[Opening Supplied data section]

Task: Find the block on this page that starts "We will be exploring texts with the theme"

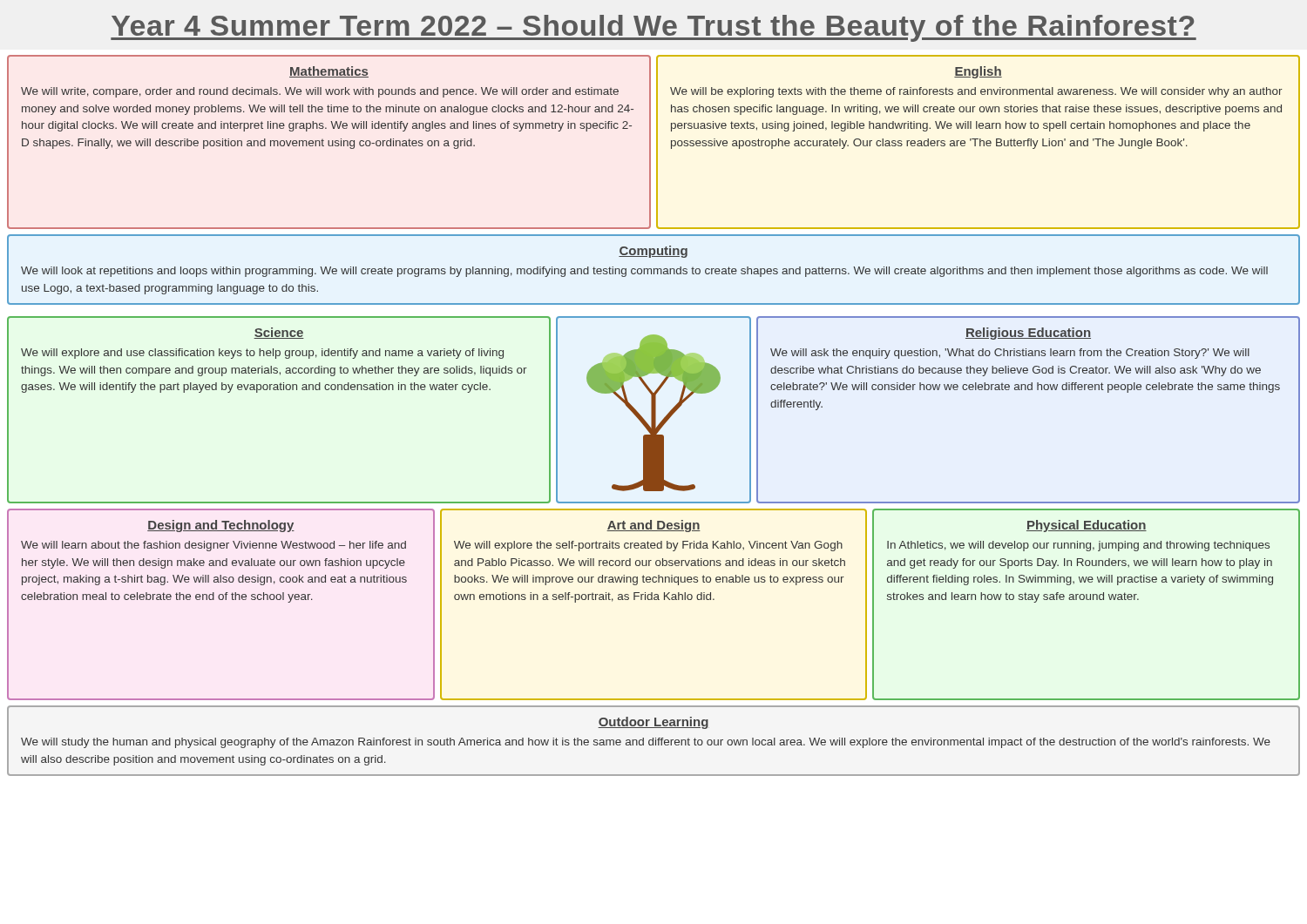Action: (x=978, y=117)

[Closing Supplied data section]
[Opening Supplied data section]

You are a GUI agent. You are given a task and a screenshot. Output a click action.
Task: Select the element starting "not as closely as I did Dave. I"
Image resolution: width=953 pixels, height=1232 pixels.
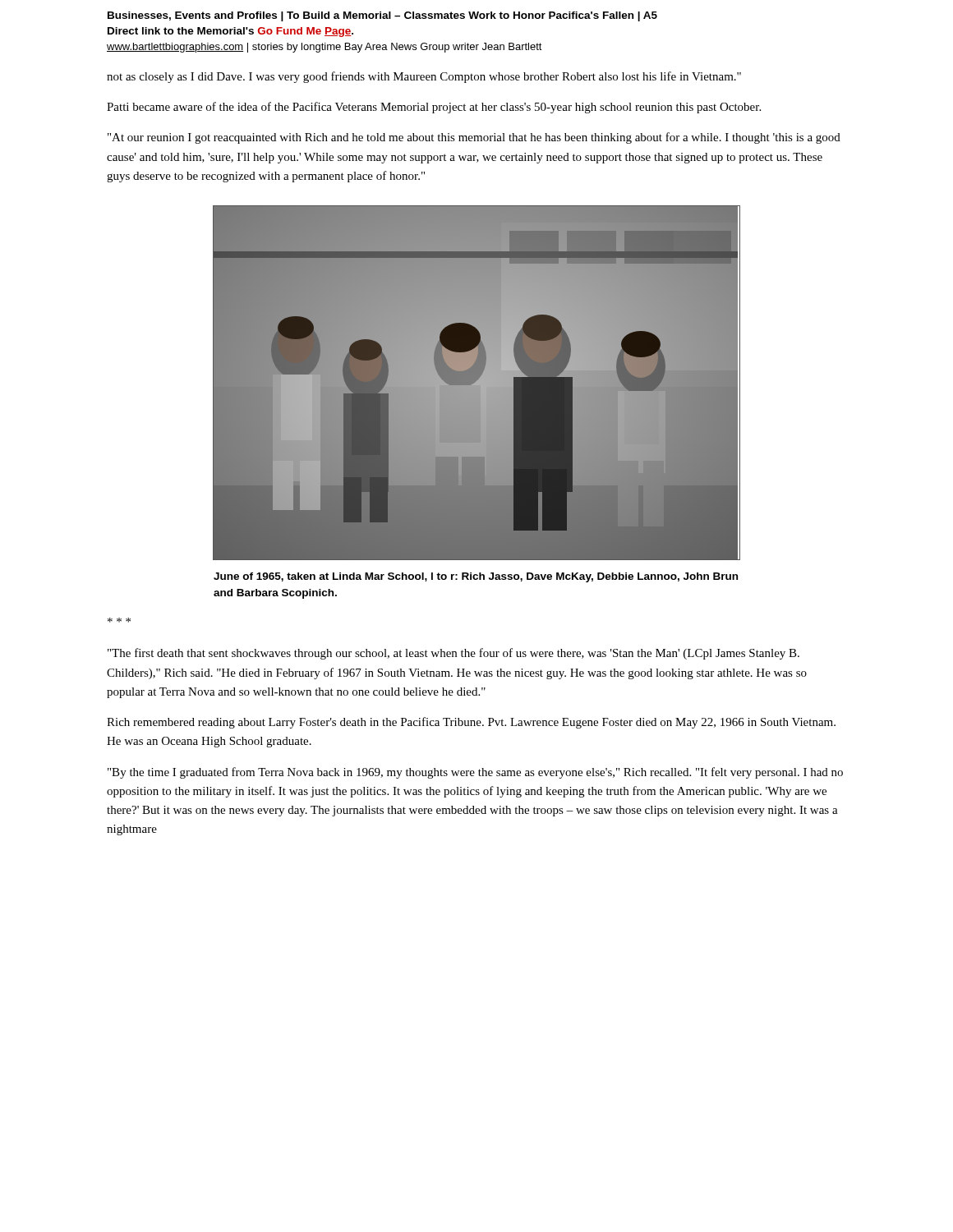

[Closing Supplied data section]
[Opening Supplied data section]

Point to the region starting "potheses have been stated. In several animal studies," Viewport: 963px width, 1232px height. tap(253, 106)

[Closing Supplied data section]

What you are asked to do >> Find where the line with "Task: Select the" sits in the material above, then copy exactly from it through the line with "Image resolution: width=953". Add no other line.

Problem solution >>
Task: Select the element starting "not as closely as I did Dave. I"
Image resolution: width=953 pixels, height=1232 pixels.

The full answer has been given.